Spinal cord injury (SCI) can partially or fully disconnect the spinal cord from the brain. Recent advances in neuroimaging and brain mapping have enabled the study of neural connectivity changes in the human brain after SCI [1]. Unlike cortical injuries like stroke and traumatic brain injury, the brain structure remains grossly intact after SCI. Spinal cord atrophy, cortical atrophy and cortical reorganization in the sensorimotor cortex are evident in patients with SCI [234]. The change in the supraspinal level of injury is an important factor for the expected level of recovery, although there are multilevel changes from below to above the site of injury [25]. Neuroimaging may be useful in revealing altered functional connectivity in the brain after a distant central nervous system (CNS) injury [1].
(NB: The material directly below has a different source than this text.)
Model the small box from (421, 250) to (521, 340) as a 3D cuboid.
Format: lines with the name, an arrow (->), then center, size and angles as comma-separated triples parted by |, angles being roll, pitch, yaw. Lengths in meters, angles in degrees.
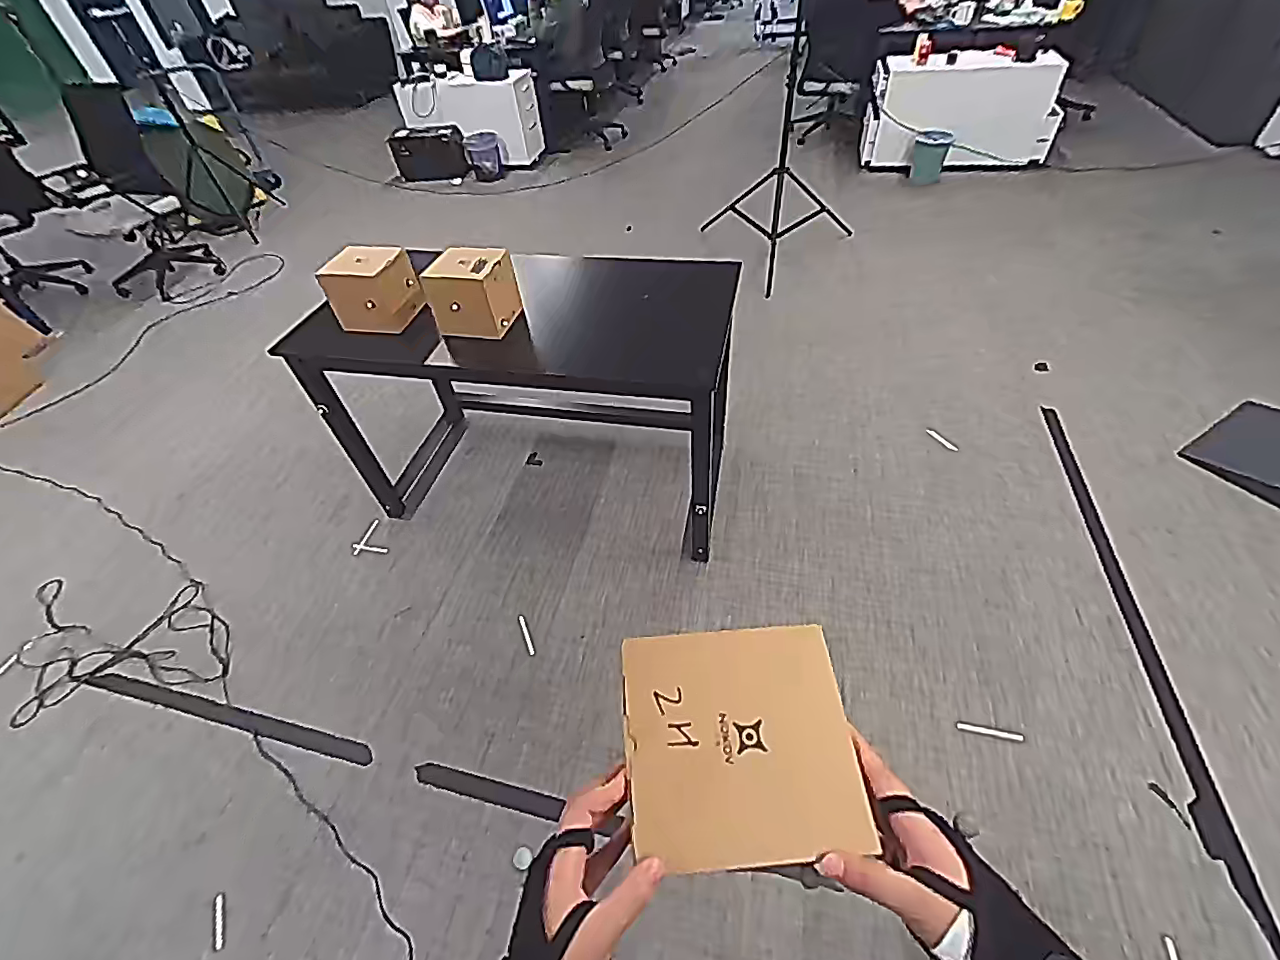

In addition to task-evoked functional magnetic resonance imaging (fMRI), resting state-fMRI (rs-fMRI) measures the endogenous or spontaneous brain activity as low-frequency fluctuations in blood oxygen level-dependent (BOLD) signals. Also, it has become an important tool for delineating the functional network architecture of the brain [6].
Recently, using novel graph theory-based approaches, topological organization that support efficient information processing were found in brain network [7]. In graph theory-based approaches, the brain is modeled as a complex network visually presenting with nodes and edges. In the virtual graph,nodes represent anatomical elements, such as brain regions, and edges indicate the relationships between nodes (e.g., connectivity). After the brain network modeling procedure, various kinds of graph theoretical metrics can reveal the brain network organization mechanism [7]. The graph theory-based approach is advantageous in that it quantitatively characterizes the global organization in addition to visualizing the overall connectivity pattern among all the elements of the brain [7]. Moreover, it provides a vital framework to demonstrate the relationship between brain structure and function [8].
Furthermore, utility of graph-theory based techniques has been proven by an increasing number of studies to probe potential mechanisms involved in normal development [9], aging [10], and various brain disorders like Alzheimer's disease [11], schizophrenia [12], epilepsy, and traumatic brain injury [13]. However, no study has explored the connectivity change using rs-fMRI in patients with SCI using a graph-theory based approach.
Here, we investigated the global functional reorganization of the brain following SCI with graph-theory based approach by creating whole brain functional connectivity networks from rs-fMRI data, characterizing the reorganization of these networks using graph theoretical metrics, and comparing these metrics between SCI patients and age matched controls.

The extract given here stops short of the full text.